Hacker News new | ask | show | jobs
by paulmd 3088 days ago
Denverton is much more complex than a "simple" Atom (performance of a C3958 is up to about half of an i5-7500 in single-thread, twice the total multi-thread performance). Avoton is really no slouch either. It's really not surprising that the incidence of bugs is increasing on those uarchs as the complexity grows.

The Skylake/Kaby hyperthread bug has been fixed in microcode and is no longer applicable. It's perfectly safe to run HT on these processors now.

The AMD Ryzen segfault remains unmitigated at this point in time. Phoronix rushed to declare the bug fixed because they got a binned RMA replacement but there are plenty of reports of it occurring in current-production processors to at least a moderate degree, roughly proportionate with ASIC/litho quality. It's unclear what the scope is w/r/t Epyc since Epyc is on a different stepping but also hasn't really ramped yet either. The early Epyc processors were essentially engineering samples (on the order of hundreds to single-digit thousands of samples) with no real (public) visibility into any binning that might be taking place.

The Ryzen high-address bug is no big deal, that's the kind of thing that gets patched all the time (like the Skylake HT bug). That's one thing Dan is glossing over here - there are tons of these bugs all the time and as long as there is an effective mitigation available it's no big deal.

The PTI patch can be viewed as making syscalls take somewhat longer (about double iirc). Gamers and compute-oriented workloads won't be hurt hardly at all. The average mixed-workload case sees 5% performance loss, not ideal but it's not critical either. Losing 30% is real bad though, and that's what you will get on IO-heavy workloads that context-switch into the kernel a lot.

The only real mitigation there appears to be right now is to give up hyperconvergence for now and harden up those DB/NAS servers that are going to be pushing a lot of IO so that you know there won't be hostile code running on them. That will allow you to safely disable PTI and sidestep the performance hit.

Of course, Epyc was not that good at running databases in the first place, so you still might be better off sucking it up and running Intel even with the PTI patch. It will probably depend on your actual workload and the relative amount of IO vs processing.

2 comments

> The Skylake/Kaby hyperthread bug has been fixed in microcode and is no longer applicable. It's perfectly safe to run HT on these processors now.

Only if you can actually get the fix. My main home PC has this bug and the motherboard manufacturer (ASUS) has yet to ship a BIOS update with the fix.

Your OS can deliver a microcode fixup that's installed at OS startup, Windows should do it automatically and Linux you just need to install the intel-microcode package.
>Gamers and compute-oriented workloads won't be hurt hardly at all.

Actually KPTI doesn't only affect syscall but also interrupts. It makes interrups slower, which affects every workload.

Gamers like to use PS/2 peripherals because they're interrupt based and thus more responsive than USB peripherals.

Does this mean they could take a hit due to this bug?

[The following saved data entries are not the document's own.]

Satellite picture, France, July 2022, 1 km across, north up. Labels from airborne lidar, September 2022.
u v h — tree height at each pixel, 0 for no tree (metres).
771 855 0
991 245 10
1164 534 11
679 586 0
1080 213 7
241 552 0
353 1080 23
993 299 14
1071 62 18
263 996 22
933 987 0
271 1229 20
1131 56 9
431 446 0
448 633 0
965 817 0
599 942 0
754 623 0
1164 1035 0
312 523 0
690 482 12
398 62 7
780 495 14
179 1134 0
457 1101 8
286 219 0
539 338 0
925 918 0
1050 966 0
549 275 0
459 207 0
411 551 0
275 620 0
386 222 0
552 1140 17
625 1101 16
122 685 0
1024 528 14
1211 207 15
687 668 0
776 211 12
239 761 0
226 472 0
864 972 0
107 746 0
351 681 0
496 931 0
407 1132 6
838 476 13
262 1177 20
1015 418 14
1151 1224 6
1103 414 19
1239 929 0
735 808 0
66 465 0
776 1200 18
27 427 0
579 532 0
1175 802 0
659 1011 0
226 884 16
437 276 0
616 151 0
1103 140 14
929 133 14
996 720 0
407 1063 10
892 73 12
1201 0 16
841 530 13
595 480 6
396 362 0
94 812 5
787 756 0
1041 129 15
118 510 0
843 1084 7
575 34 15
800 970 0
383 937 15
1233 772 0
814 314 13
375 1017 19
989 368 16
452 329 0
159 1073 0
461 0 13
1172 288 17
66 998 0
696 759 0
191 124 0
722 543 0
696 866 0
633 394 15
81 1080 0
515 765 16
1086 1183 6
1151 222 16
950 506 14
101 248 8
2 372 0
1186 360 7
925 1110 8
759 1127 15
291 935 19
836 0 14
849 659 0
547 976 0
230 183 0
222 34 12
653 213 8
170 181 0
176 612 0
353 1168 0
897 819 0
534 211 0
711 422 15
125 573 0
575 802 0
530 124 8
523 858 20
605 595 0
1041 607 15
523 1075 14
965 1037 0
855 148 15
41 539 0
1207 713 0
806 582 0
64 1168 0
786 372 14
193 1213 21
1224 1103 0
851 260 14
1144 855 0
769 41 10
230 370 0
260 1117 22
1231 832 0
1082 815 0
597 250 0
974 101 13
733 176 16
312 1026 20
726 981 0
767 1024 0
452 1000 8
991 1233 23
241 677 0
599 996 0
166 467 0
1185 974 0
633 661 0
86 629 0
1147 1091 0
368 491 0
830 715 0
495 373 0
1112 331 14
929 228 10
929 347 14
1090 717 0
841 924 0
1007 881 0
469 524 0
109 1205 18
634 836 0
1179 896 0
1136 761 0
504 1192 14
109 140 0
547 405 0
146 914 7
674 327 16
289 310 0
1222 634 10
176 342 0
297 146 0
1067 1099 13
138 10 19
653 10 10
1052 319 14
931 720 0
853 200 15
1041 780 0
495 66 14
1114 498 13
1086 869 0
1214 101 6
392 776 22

Interrupts from ps/2 are pretty insignificant in comparison to all other interrupt traffic on any PC.

Edit: also "interrupt-based" in this case has nothing to do with interrupts seen by the CPU. Difference is that in ps/2 the device can send data to the controller (which then generates interrupt) at any time, while for usb the controller periodically polls devices for data (and possibly generates interrupt if there are some). In the early days of USB and UHCI host controllers this polling was done in software, but since USB 2.0 this is done in hardware and generates real cpu interrupts when usb device requests interrupt (although with somewhat unpredictable but bounded latency)

Thanks, that's really useful information. I wasn't aware that USB 2.0 switched to hardware based polling.